Collins stayed in lunar orbit as his colleagues Neil Armstrong and Buzz Aldrin walked on the Moon.
Aldrin, 91, is now the only surviving member of the mission.
Paying tribute to Collins, Aldrin wrote in a tweet: "Dear Mike, Wherever you have been or will be, you will always have the Fire to Carry us deftly to new heights and to the future. We will miss you. May you Rest In Peace."
'We felt the weight of the world on our shoulders'
In a statement, the Collins family said that "Mike always faced the challenges of life with grace and humility, and faced this, his final challenge, the same way".
"We will miss him terribly. Yet we also know how lucky Mike felt to have lived the life he did.
"We will honour his wish for us to celebrate, not mourn, that life."
On 16 July 2019, Collins visited Florida's Kennedy Space Center - the site where the mission had set off exactly 50 years earlier.
Speaking at launchpad 39A - where the crew's rocket began the historic mission - he described how he felt during take-off.
"The shockwave from the rocket power hits you," Collins told Nasa TV. "Your whole body is shaking. This gives you an entirely... different concept of what power really means."
"You're suspended in the cockpit... as you lift off," he continued. "From then on it's a quieter, more rational, silent ride all the way to the Moon.
"We crew felt the weight of the world on our shoulders, we knew that everyone would be looking at us, friend or foe."
Unsung hero of the first Moon landing
By Paul Rincon, Science editor, BBC News website
Neil Armstrong and Buzz Aldrin garnered most of the attention for the historic first Moon landing in 1969.
But their crewmate, Michael Collins, was just as important for the success of the mission.

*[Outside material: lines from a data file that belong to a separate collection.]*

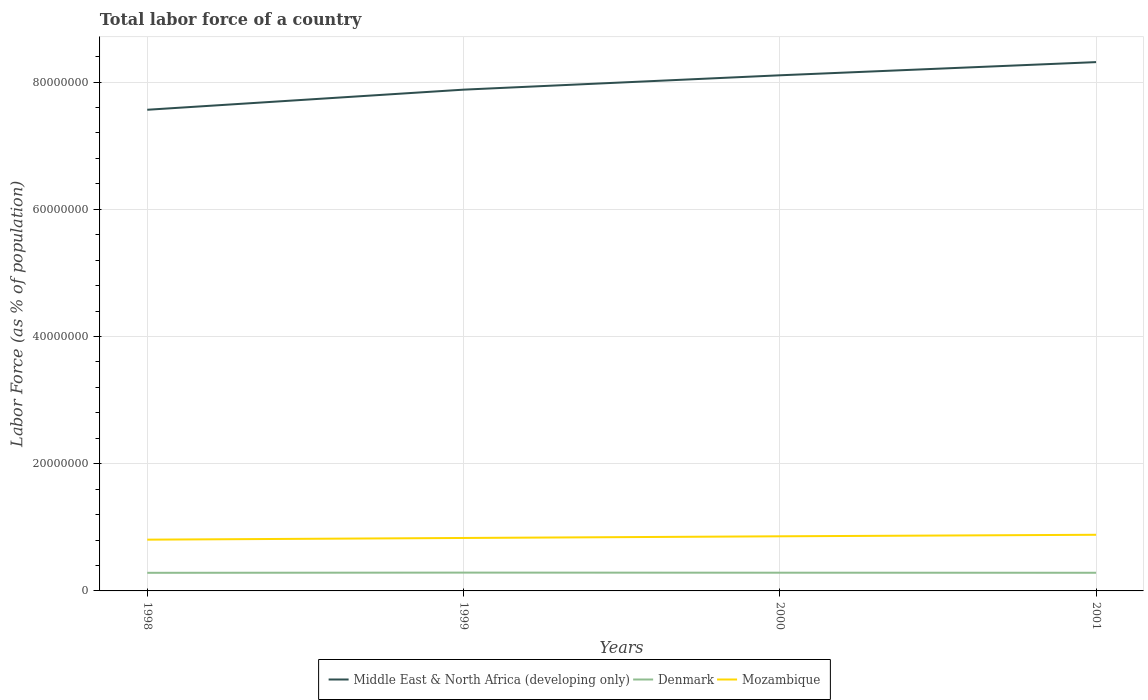How many different coloured lines are there?
Offer a terse response. 3. Does the line corresponding to Middle East & North Africa (developing only) intersect with the line corresponding to Denmark?
Your response must be concise. No. Is the number of lines equal to the number of legend labels?
Your answer should be compact. Yes. Across all years, what is the maximum percentage of labor force in Denmark?
Provide a succinct answer. 2.85e+06. What is the total percentage of labor force in Denmark in the graph?
Ensure brevity in your answer.  1.50e+04. What is the difference between the highest and the second highest percentage of labor force in Middle East & North Africa (developing only)?
Ensure brevity in your answer.  7.49e+06. What is the difference between the highest and the lowest percentage of labor force in Middle East & North Africa (developing only)?
Your answer should be compact. 2. How many years are there in the graph?
Your answer should be very brief. 4. What is the difference between two consecutive major ticks on the Y-axis?
Give a very brief answer. 2.00e+07. Are the values on the major ticks of Y-axis written in scientific E-notation?
Offer a very short reply. No. Where does the legend appear in the graph?
Offer a terse response. Bottom center. How many legend labels are there?
Your response must be concise. 3. How are the legend labels stacked?
Your answer should be very brief. Horizontal. What is the title of the graph?
Your response must be concise. Total labor force of a country. Does "Antigua and Barbuda" appear as one of the legend labels in the graph?
Ensure brevity in your answer.  No. What is the label or title of the Y-axis?
Ensure brevity in your answer.  Labor Force (as % of population). What is the Labor Force (as % of population) of Middle East & North Africa (developing only) in 1998?
Your answer should be compact. 7.56e+07. What is the Labor Force (as % of population) of Denmark in 1998?
Give a very brief answer. 2.85e+06. What is the Labor Force (as % of population) of Mozambique in 1998?
Provide a succinct answer. 8.06e+06. What is the Labor Force (as % of population) of Middle East & North Africa (developing only) in 1999?
Your response must be concise. 7.88e+07. What is the Labor Force (as % of population) of Denmark in 1999?
Offer a very short reply. 2.88e+06. What is the Labor Force (as % of population) of Mozambique in 1999?
Keep it short and to the point. 8.33e+06. What is the Labor Force (as % of population) of Middle East & North Africa (developing only) in 2000?
Your response must be concise. 8.11e+07. What is the Labor Force (as % of population) in Denmark in 2000?
Give a very brief answer. 2.86e+06. What is the Labor Force (as % of population) in Mozambique in 2000?
Offer a terse response. 8.59e+06. What is the Labor Force (as % of population) in Middle East & North Africa (developing only) in 2001?
Provide a short and direct response. 8.31e+07. What is the Labor Force (as % of population) in Denmark in 2001?
Keep it short and to the point. 2.85e+06. What is the Labor Force (as % of population) in Mozambique in 2001?
Provide a short and direct response. 8.83e+06. Across all years, what is the maximum Labor Force (as % of population) in Middle East & North Africa (developing only)?
Provide a succinct answer. 8.31e+07. Across all years, what is the maximum Labor Force (as % of population) in Denmark?
Your answer should be very brief. 2.88e+06. Across all years, what is the maximum Labor Force (as % of population) of Mozambique?
Your answer should be compact. 8.83e+06. Across all years, what is the minimum Labor Force (as % of population) of Middle East & North Africa (developing only)?
Your answer should be very brief. 7.56e+07. Across all years, what is the minimum Labor Force (as % of population) in Denmark?
Your response must be concise. 2.85e+06. Across all years, what is the minimum Labor Force (as % of population) in Mozambique?
Your answer should be very brief. 8.06e+06. What is the total Labor Force (as % of population) in Middle East & North Africa (developing only) in the graph?
Your answer should be compact. 3.19e+08. What is the total Labor Force (as % of population) of Denmark in the graph?
Provide a short and direct response. 1.14e+07. What is the total Labor Force (as % of population) in Mozambique in the graph?
Your answer should be very brief. 3.38e+07. What is the difference between the Labor Force (as % of population) in Middle East & North Africa (developing only) in 1998 and that in 1999?
Provide a short and direct response. -3.16e+06. What is the difference between the Labor Force (as % of population) of Denmark in 1998 and that in 1999?
Give a very brief answer. -3.20e+04. What is the difference between the Labor Force (as % of population) in Mozambique in 1998 and that in 1999?
Keep it short and to the point. -2.66e+05. What is the difference between the Labor Force (as % of population) of Middle East & North Africa (developing only) in 1998 and that in 2000?
Make the answer very short. -5.42e+06. What is the difference between the Labor Force (as % of population) of Denmark in 1998 and that in 2000?
Offer a very short reply. -1.71e+04. What is the difference between the Labor Force (as % of population) in Mozambique in 1998 and that in 2000?
Your answer should be very brief. -5.28e+05. What is the difference between the Labor Force (as % of population) of Middle East & North Africa (developing only) in 1998 and that in 2001?
Make the answer very short. -7.49e+06. What is the difference between the Labor Force (as % of population) in Denmark in 1998 and that in 2001?
Give a very brief answer. -6680. What is the difference between the Labor Force (as % of population) in Mozambique in 1998 and that in 2001?
Offer a very short reply. -7.67e+05. What is the difference between the Labor Force (as % of population) in Middle East & North Africa (developing only) in 1999 and that in 2000?
Offer a very short reply. -2.26e+06. What is the difference between the Labor Force (as % of population) in Denmark in 1999 and that in 2000?
Keep it short and to the point. 1.50e+04. What is the difference between the Labor Force (as % of population) in Mozambique in 1999 and that in 2000?
Your answer should be compact. -2.62e+05. What is the difference between the Labor Force (as % of population) of Middle East & North Africa (developing only) in 1999 and that in 2001?
Make the answer very short. -4.33e+06. What is the difference between the Labor Force (as % of population) in Denmark in 1999 and that in 2001?
Offer a very short reply. 2.53e+04. What is the difference between the Labor Force (as % of population) in Mozambique in 1999 and that in 2001?
Provide a short and direct response. -5.01e+05. What is the difference between the Labor Force (as % of population) of Middle East & North Africa (developing only) in 2000 and that in 2001?
Your response must be concise. -2.07e+06. What is the difference between the Labor Force (as % of population) in Denmark in 2000 and that in 2001?
Keep it short and to the point. 1.04e+04. What is the difference between the Labor Force (as % of population) of Mozambique in 2000 and that in 2001?
Give a very brief answer. -2.39e+05. What is the difference between the Labor Force (as % of population) of Middle East & North Africa (developing only) in 1998 and the Labor Force (as % of population) of Denmark in 1999?
Make the answer very short. 7.28e+07. What is the difference between the Labor Force (as % of population) in Middle East & North Africa (developing only) in 1998 and the Labor Force (as % of population) in Mozambique in 1999?
Your response must be concise. 6.73e+07. What is the difference between the Labor Force (as % of population) of Denmark in 1998 and the Labor Force (as % of population) of Mozambique in 1999?
Keep it short and to the point. -5.48e+06. What is the difference between the Labor Force (as % of population) in Middle East & North Africa (developing only) in 1998 and the Labor Force (as % of population) in Denmark in 2000?
Ensure brevity in your answer.  7.28e+07. What is the difference between the Labor Force (as % of population) in Middle East & North Africa (developing only) in 1998 and the Labor Force (as % of population) in Mozambique in 2000?
Offer a very short reply. 6.71e+07. What is the difference between the Labor Force (as % of population) of Denmark in 1998 and the Labor Force (as % of population) of Mozambique in 2000?
Keep it short and to the point. -5.74e+06. What is the difference between the Labor Force (as % of population) of Middle East & North Africa (developing only) in 1998 and the Labor Force (as % of population) of Denmark in 2001?
Ensure brevity in your answer.  7.28e+07. What is the difference between the Labor Force (as % of population) of Middle East & North Africa (developing only) in 1998 and the Labor Force (as % of population) of Mozambique in 2001?
Your response must be concise. 6.68e+07. What is the difference between the Labor Force (as % of population) in Denmark in 1998 and the Labor Force (as % of population) in Mozambique in 2001?
Provide a short and direct response. -5.98e+06. What is the difference between the Labor Force (as % of population) of Middle East & North Africa (developing only) in 1999 and the Labor Force (as % of population) of Denmark in 2000?
Offer a very short reply. 7.59e+07. What is the difference between the Labor Force (as % of population) of Middle East & North Africa (developing only) in 1999 and the Labor Force (as % of population) of Mozambique in 2000?
Offer a very short reply. 7.02e+07. What is the difference between the Labor Force (as % of population) of Denmark in 1999 and the Labor Force (as % of population) of Mozambique in 2000?
Provide a short and direct response. -5.71e+06. What is the difference between the Labor Force (as % of population) of Middle East & North Africa (developing only) in 1999 and the Labor Force (as % of population) of Denmark in 2001?
Provide a short and direct response. 7.60e+07. What is the difference between the Labor Force (as % of population) of Middle East & North Africa (developing only) in 1999 and the Labor Force (as % of population) of Mozambique in 2001?
Keep it short and to the point. 7.00e+07. What is the difference between the Labor Force (as % of population) of Denmark in 1999 and the Labor Force (as % of population) of Mozambique in 2001?
Give a very brief answer. -5.95e+06. What is the difference between the Labor Force (as % of population) of Middle East & North Africa (developing only) in 2000 and the Labor Force (as % of population) of Denmark in 2001?
Provide a succinct answer. 7.82e+07. What is the difference between the Labor Force (as % of population) of Middle East & North Africa (developing only) in 2000 and the Labor Force (as % of population) of Mozambique in 2001?
Offer a terse response. 7.22e+07. What is the difference between the Labor Force (as % of population) of Denmark in 2000 and the Labor Force (as % of population) of Mozambique in 2001?
Ensure brevity in your answer.  -5.96e+06. What is the average Labor Force (as % of population) of Middle East & North Africa (developing only) per year?
Offer a terse response. 7.97e+07. What is the average Labor Force (as % of population) of Denmark per year?
Offer a very short reply. 2.86e+06. What is the average Labor Force (as % of population) in Mozambique per year?
Provide a short and direct response. 8.45e+06. In the year 1998, what is the difference between the Labor Force (as % of population) of Middle East & North Africa (developing only) and Labor Force (as % of population) of Denmark?
Keep it short and to the point. 7.28e+07. In the year 1998, what is the difference between the Labor Force (as % of population) in Middle East & North Africa (developing only) and Labor Force (as % of population) in Mozambique?
Keep it short and to the point. 6.76e+07. In the year 1998, what is the difference between the Labor Force (as % of population) in Denmark and Labor Force (as % of population) in Mozambique?
Offer a terse response. -5.21e+06. In the year 1999, what is the difference between the Labor Force (as % of population) of Middle East & North Africa (developing only) and Labor Force (as % of population) of Denmark?
Ensure brevity in your answer.  7.59e+07. In the year 1999, what is the difference between the Labor Force (as % of population) of Middle East & North Africa (developing only) and Labor Force (as % of population) of Mozambique?
Offer a very short reply. 7.05e+07. In the year 1999, what is the difference between the Labor Force (as % of population) in Denmark and Labor Force (as % of population) in Mozambique?
Offer a very short reply. -5.45e+06. In the year 2000, what is the difference between the Labor Force (as % of population) in Middle East & North Africa (developing only) and Labor Force (as % of population) in Denmark?
Provide a succinct answer. 7.82e+07. In the year 2000, what is the difference between the Labor Force (as % of population) of Middle East & North Africa (developing only) and Labor Force (as % of population) of Mozambique?
Offer a terse response. 7.25e+07. In the year 2000, what is the difference between the Labor Force (as % of population) of Denmark and Labor Force (as % of population) of Mozambique?
Your answer should be very brief. -5.72e+06. In the year 2001, what is the difference between the Labor Force (as % of population) in Middle East & North Africa (developing only) and Labor Force (as % of population) in Denmark?
Ensure brevity in your answer.  8.03e+07. In the year 2001, what is the difference between the Labor Force (as % of population) in Middle East & North Africa (developing only) and Labor Force (as % of population) in Mozambique?
Make the answer very short. 7.43e+07. In the year 2001, what is the difference between the Labor Force (as % of population) of Denmark and Labor Force (as % of population) of Mozambique?
Your answer should be compact. -5.97e+06. What is the ratio of the Labor Force (as % of population) in Middle East & North Africa (developing only) in 1998 to that in 1999?
Keep it short and to the point. 0.96. What is the ratio of the Labor Force (as % of population) of Denmark in 1998 to that in 1999?
Keep it short and to the point. 0.99. What is the ratio of the Labor Force (as % of population) of Mozambique in 1998 to that in 1999?
Ensure brevity in your answer.  0.97. What is the ratio of the Labor Force (as % of population) of Middle East & North Africa (developing only) in 1998 to that in 2000?
Give a very brief answer. 0.93. What is the ratio of the Labor Force (as % of population) of Denmark in 1998 to that in 2000?
Your response must be concise. 0.99. What is the ratio of the Labor Force (as % of population) of Mozambique in 1998 to that in 2000?
Your answer should be very brief. 0.94. What is the ratio of the Labor Force (as % of population) of Middle East & North Africa (developing only) in 1998 to that in 2001?
Keep it short and to the point. 0.91. What is the ratio of the Labor Force (as % of population) in Denmark in 1998 to that in 2001?
Ensure brevity in your answer.  1. What is the ratio of the Labor Force (as % of population) of Mozambique in 1998 to that in 2001?
Give a very brief answer. 0.91. What is the ratio of the Labor Force (as % of population) in Middle East & North Africa (developing only) in 1999 to that in 2000?
Provide a succinct answer. 0.97. What is the ratio of the Labor Force (as % of population) of Denmark in 1999 to that in 2000?
Give a very brief answer. 1.01. What is the ratio of the Labor Force (as % of population) of Mozambique in 1999 to that in 2000?
Offer a terse response. 0.97. What is the ratio of the Labor Force (as % of population) of Middle East & North Africa (developing only) in 1999 to that in 2001?
Keep it short and to the point. 0.95. What is the ratio of the Labor Force (as % of population) in Denmark in 1999 to that in 2001?
Make the answer very short. 1.01. What is the ratio of the Labor Force (as % of population) in Mozambique in 1999 to that in 2001?
Give a very brief answer. 0.94. What is the ratio of the Labor Force (as % of population) of Middle East & North Africa (developing only) in 2000 to that in 2001?
Provide a short and direct response. 0.98. What is the ratio of the Labor Force (as % of population) in Mozambique in 2000 to that in 2001?
Offer a terse response. 0.97. What is the difference between the highest and the second highest Labor Force (as % of population) in Middle East & North Africa (developing only)?
Your response must be concise. 2.07e+06. What is the difference between the highest and the second highest Labor Force (as % of population) in Denmark?
Your answer should be very brief. 1.50e+04. What is the difference between the highest and the second highest Labor Force (as % of population) of Mozambique?
Your answer should be compact. 2.39e+05. What is the difference between the highest and the lowest Labor Force (as % of population) in Middle East & North Africa (developing only)?
Ensure brevity in your answer.  7.49e+06. What is the difference between the highest and the lowest Labor Force (as % of population) in Denmark?
Provide a short and direct response. 3.20e+04. What is the difference between the highest and the lowest Labor Force (as % of population) in Mozambique?
Provide a short and direct response. 7.67e+05.

As the command module pilot, Collins stayed in lunar orbit while Neil and Buzz bounded across the surface. But he performed crucial manoeuvres in space that were needed to get to the Moon.
He was sanguine about others getting the glory: "I certainly thought that I did not have the best seat of the three," he said. "But I can say in all honesty, I was thrilled with the seat that I did have."
After leaving Nasa, he had a brief spell in politics, but later retired to Florida, where he painted and wrote.
Despite joining Twitter in 2019, at the age of 88, he admitted that he never really enjoyed the spotlight of public life.
But his name will live on, as a new generation of astronauts prepares to return to the Moon in the next few years, following the trail blazed by Collins and the other pioneers of Apollo.